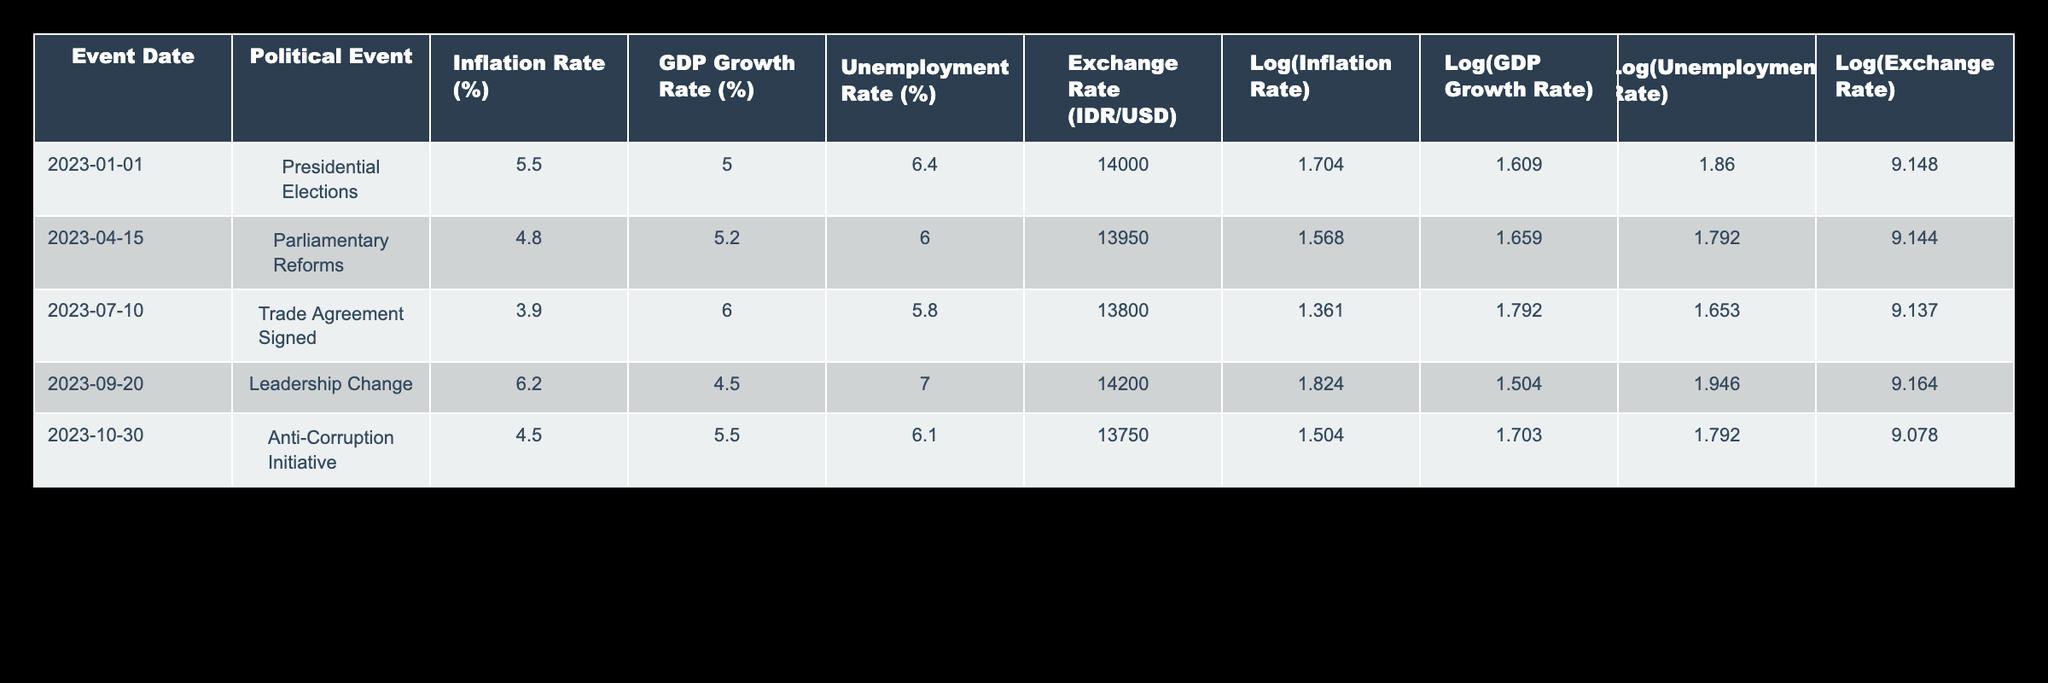What was the inflation rate during the Presidential Elections on 2023-01-01? Referring to the table, the inflation rate listed for the event on this date is 5.5%.
Answer: 5.5% What was the GDP growth rate for the Trade Agreement Signed on 2023-07-10? According to the table, the GDP growth rate for this event is 6.0%.
Answer: 6.0% Which political event correlates with the highest unemployment rate in this data? The Leadership Change on 2023-09-20 is associated with the highest unemployment rate of 7.0% according to the table.
Answer: Leadership Change Is the exchange rate lower during the Anti-Corruption Initiative compared to the Presidential Elections? The exchange rate for the Anti-Corruption Initiative on 2023-10-30 is 13,750 IDR/USD, which is lower than the 14,000 IDR/USD during the Presidential Elections. Therefore, the statement is true.
Answer: Yes What is the average inflation rate across all events listed in the table? To find the average inflation rate, we sum the rates: 5.5 + 4.8 + 3.9 + 6.2 + 4.5 = 25.9%. With 5 events, we divide by 5: 25.9/5 = 5.18%.
Answer: 5.18% How many political events resulted in a GDP growth rate greater than 5%? The events with GDP growth rates greater than 5% are the Presidential Elections (5.0%), Parliamentary Reforms (5.2%), Trade Agreement Signed (6.0%), and Anti-Corruption Initiative (5.5%). This gives us a total of 4 events.
Answer: 4 Does a decrease in the inflation rate correlate with an increase in the GDP growth rate based on the data? Looking at the table, between the Presidential Elections (5.5% inflation, 5.0% GDP) and Trade Agreement Signed (3.9% inflation, 6.0% GDP), there is a decrease in inflation and an increase in GDP. Similarly, from the Parliamentary Reforms to the Trade Agreement, the inflation rate decreased from 4.8% to 3.9%, while GDP grew from 5.2% to 6.0%. Therefore, it's true that a decrease in inflation correlates with an increase in GDP growth rate.
Answer: Yes Which political event is associated with the highest exchange rate value and what is that value? The table indicates that the highest exchange rate is 14,200 IDR/USD during the Leadership Change event on 2023-09-20.
Answer: 14,200 IDR/USD What was the change in unemployment rate from the Trade Agreement Signed to the Anti-Corruption Initiative? The unemployment rate dropped from 5.8% (Trade Agreement Signed) to 6.1% (Anti-Corruption Initiative), resulting in a change of 0.3%. That means unemployment actually increased by 0.3%.
Answer: Increased by 0.3% If we analyze the logs of the inflation rates, which event had the lowest logarithmic value? In the table, the lowest logarithmic value for inflation rate is 1.361, corresponding to the Trade Agreement Signed on 2023-07-10.
Answer: Trade Agreement Signed 
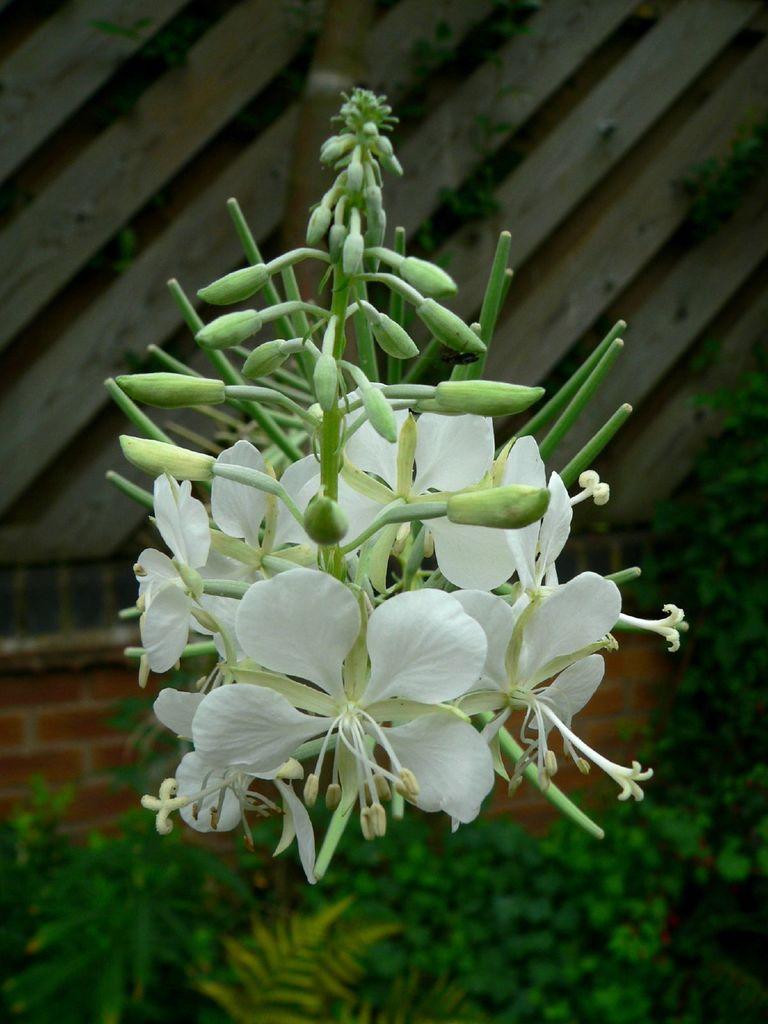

-=-=-=-=-

- _Aim of the exercise_
Reproduce exactly, and only, the part of the entries above that runs from the line with "Answer: Yes What" to the last line, both included. Pictures stay out.

- _Written solution_
Answer: Yes What is the average inflation rate across all events listed in the table? To find the average inflation rate, we sum the rates: 5.5 + 4.8 + 3.9 + 6.2 + 4.5 = 25.9%. With 5 events, we divide by 5: 25.9/5 = 5.18%.
Answer: 5.18% How many political events resulted in a GDP growth rate greater than 5%? The events with GDP growth rates greater than 5% are the Presidential Elections (5.0%), Parliamentary Reforms (5.2%), Trade Agreement Signed (6.0%), and Anti-Corruption Initiative (5.5%). This gives us a total of 4 events.
Answer: 4 Does a decrease in the inflation rate correlate with an increase in the GDP growth rate based on the data? Looking at the table, between the Presidential Elections (5.5% inflation, 5.0% GDP) and Trade Agreement Signed (3.9% inflation, 6.0% GDP), there is a decrease in inflation and an increase in GDP. Similarly, from the Parliamentary Reforms to the Trade Agreement, the inflation rate decreased from 4.8% to 3.9%, while GDP grew from 5.2% to 6.0%. Therefore, it's true that a decrease in inflation correlates with an increase in GDP growth rate.
Answer: Yes Which political event is associated with the highest exchange rate value and what is that value? The table indicates that the highest exchange rate is 14,200 IDR/USD during the Leadership Change event on 2023-09-20.
Answer: 14,200 IDR/USD What was the change in unemployment rate from the Trade Agreement Signed to the Anti-Corruption Initiative? The unemployment rate dropped from 5.8% (Trade Agreement Signed) to 6.1% (Anti-Corruption Initiative), resulting in a change of 0.3%. That means unemployment actually increased by 0.3%.
Answer: Increased by 0.3% If we analyze the logs of the inflation rates, which event had the lowest logarithmic value? In the table, the lowest logarithmic value for inflation rate is 1.361, corresponding to the Trade Agreement Signed on 2023-07-10.
Answer: Trade Agreement Signed 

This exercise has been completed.